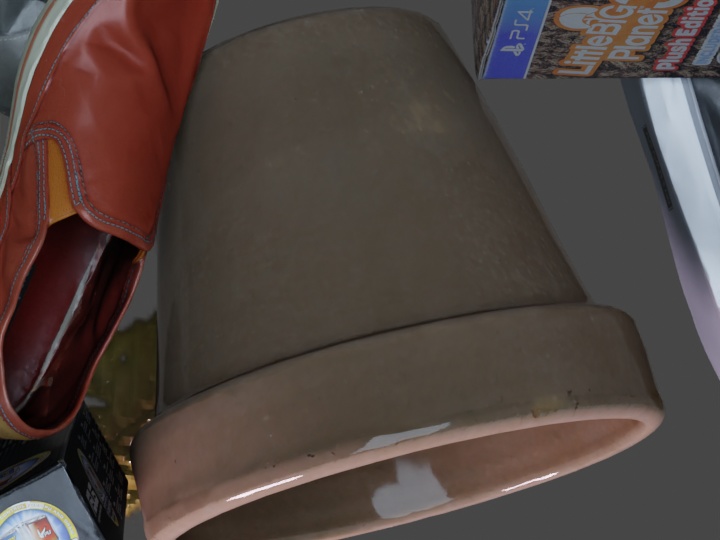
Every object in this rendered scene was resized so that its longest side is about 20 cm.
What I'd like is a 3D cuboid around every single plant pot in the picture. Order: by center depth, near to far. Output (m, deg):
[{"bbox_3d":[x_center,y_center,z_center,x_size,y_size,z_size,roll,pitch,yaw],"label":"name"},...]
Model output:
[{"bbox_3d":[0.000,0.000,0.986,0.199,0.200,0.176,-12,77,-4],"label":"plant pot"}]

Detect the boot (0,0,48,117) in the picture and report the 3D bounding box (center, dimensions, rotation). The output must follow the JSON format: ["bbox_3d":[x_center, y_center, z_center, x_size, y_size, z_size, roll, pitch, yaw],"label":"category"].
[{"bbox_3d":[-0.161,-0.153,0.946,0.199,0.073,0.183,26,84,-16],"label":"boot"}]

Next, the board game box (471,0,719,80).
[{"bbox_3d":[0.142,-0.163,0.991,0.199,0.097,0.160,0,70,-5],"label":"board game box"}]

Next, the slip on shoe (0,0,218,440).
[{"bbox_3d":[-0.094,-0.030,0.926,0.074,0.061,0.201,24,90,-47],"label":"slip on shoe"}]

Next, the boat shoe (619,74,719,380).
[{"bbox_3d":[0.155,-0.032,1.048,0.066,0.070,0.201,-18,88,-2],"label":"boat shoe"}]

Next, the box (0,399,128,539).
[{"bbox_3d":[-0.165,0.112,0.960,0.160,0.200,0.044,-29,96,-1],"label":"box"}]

---

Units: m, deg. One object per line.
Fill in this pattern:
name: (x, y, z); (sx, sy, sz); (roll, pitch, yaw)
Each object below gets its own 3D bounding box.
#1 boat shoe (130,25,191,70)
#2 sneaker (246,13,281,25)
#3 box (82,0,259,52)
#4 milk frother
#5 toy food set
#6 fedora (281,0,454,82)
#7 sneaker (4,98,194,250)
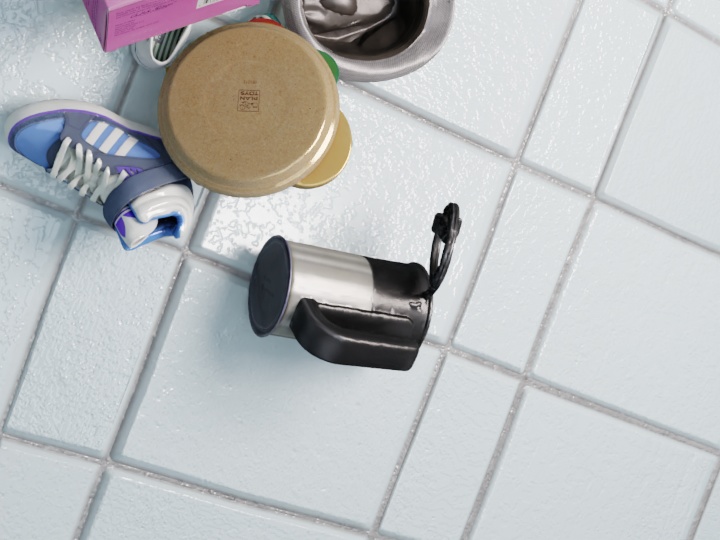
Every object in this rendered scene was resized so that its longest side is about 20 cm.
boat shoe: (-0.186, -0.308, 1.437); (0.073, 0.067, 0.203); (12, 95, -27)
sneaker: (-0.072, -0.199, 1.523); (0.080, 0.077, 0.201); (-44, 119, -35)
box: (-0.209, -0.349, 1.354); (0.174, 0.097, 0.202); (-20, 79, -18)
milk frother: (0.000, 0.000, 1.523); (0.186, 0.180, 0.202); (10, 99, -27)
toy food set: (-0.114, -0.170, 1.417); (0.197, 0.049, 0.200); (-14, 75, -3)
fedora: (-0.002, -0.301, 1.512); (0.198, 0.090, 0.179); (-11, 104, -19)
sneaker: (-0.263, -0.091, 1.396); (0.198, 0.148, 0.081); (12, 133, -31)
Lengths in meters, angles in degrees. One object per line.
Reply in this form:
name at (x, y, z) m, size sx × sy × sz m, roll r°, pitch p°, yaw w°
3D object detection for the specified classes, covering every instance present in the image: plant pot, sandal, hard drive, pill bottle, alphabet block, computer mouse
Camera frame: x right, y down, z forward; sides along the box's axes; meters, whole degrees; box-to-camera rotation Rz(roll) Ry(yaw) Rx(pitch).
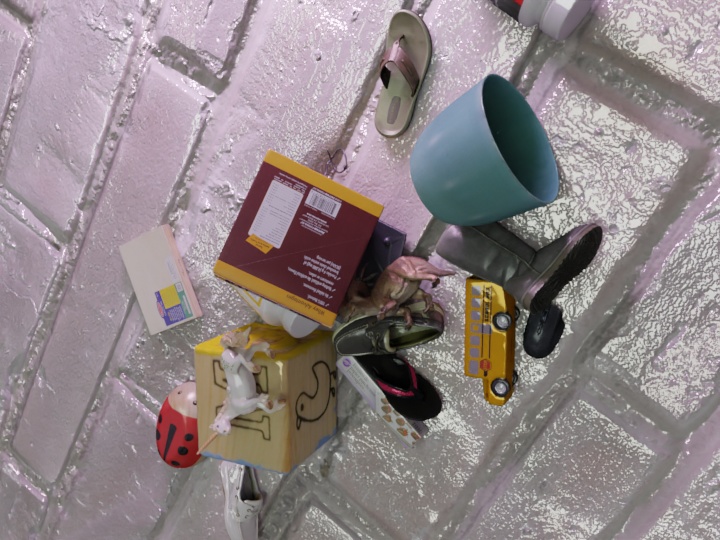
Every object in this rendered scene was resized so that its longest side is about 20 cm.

==

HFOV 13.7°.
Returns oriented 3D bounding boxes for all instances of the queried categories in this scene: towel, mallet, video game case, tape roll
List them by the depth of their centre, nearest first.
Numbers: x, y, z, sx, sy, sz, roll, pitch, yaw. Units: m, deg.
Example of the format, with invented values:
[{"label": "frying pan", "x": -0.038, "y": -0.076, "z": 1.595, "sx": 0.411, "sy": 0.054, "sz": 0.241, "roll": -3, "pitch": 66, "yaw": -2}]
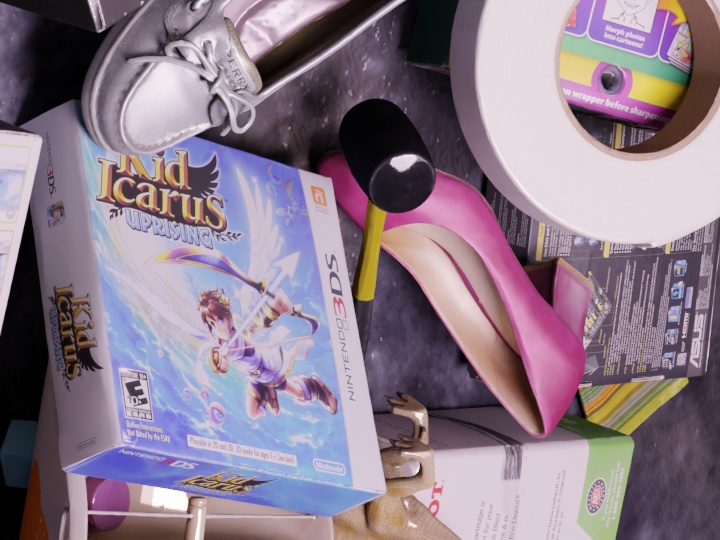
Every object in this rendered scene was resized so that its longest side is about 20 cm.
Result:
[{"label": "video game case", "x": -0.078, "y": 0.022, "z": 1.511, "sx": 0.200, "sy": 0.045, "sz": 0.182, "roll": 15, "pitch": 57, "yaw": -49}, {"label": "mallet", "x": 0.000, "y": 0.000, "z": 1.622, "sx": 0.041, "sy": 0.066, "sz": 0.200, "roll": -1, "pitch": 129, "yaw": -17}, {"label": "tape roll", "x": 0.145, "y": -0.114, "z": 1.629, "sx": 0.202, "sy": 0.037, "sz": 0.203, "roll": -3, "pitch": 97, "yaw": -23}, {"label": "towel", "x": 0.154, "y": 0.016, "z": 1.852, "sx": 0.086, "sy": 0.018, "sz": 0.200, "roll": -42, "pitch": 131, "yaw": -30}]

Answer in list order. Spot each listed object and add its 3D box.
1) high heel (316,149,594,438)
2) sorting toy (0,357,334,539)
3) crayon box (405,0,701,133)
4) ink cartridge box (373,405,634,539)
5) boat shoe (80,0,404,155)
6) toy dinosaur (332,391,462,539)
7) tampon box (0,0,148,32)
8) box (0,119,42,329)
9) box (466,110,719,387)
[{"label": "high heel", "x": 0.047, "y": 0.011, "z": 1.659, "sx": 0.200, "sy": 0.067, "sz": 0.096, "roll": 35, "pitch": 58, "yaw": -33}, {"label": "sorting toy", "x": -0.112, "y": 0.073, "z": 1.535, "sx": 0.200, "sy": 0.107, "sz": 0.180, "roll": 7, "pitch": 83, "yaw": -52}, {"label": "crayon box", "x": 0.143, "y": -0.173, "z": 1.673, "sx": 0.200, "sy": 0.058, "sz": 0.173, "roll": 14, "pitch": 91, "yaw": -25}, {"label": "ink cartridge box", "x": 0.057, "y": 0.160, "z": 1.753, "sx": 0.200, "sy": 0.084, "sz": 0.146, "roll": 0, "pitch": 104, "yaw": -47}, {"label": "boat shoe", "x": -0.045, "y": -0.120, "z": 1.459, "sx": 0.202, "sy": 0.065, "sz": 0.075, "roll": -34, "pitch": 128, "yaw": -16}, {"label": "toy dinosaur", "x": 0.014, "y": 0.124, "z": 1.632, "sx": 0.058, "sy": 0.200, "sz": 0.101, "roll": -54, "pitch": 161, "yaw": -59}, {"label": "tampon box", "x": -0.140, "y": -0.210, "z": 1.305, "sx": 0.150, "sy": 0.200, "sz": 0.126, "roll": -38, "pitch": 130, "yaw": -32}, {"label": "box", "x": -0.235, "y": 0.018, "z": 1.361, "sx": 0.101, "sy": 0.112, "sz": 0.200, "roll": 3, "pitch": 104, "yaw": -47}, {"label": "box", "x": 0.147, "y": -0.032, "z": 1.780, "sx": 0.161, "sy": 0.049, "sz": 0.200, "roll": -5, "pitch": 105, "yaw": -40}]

→ Your objective
Using the records above, copy word for word the line with "#5 toy food set", the line with "#7 sneaker (4,98,194,250)", and every line between them.

→ Result for this exercise
#5 toy food set
#6 fedora (281,0,454,82)
#7 sneaker (4,98,194,250)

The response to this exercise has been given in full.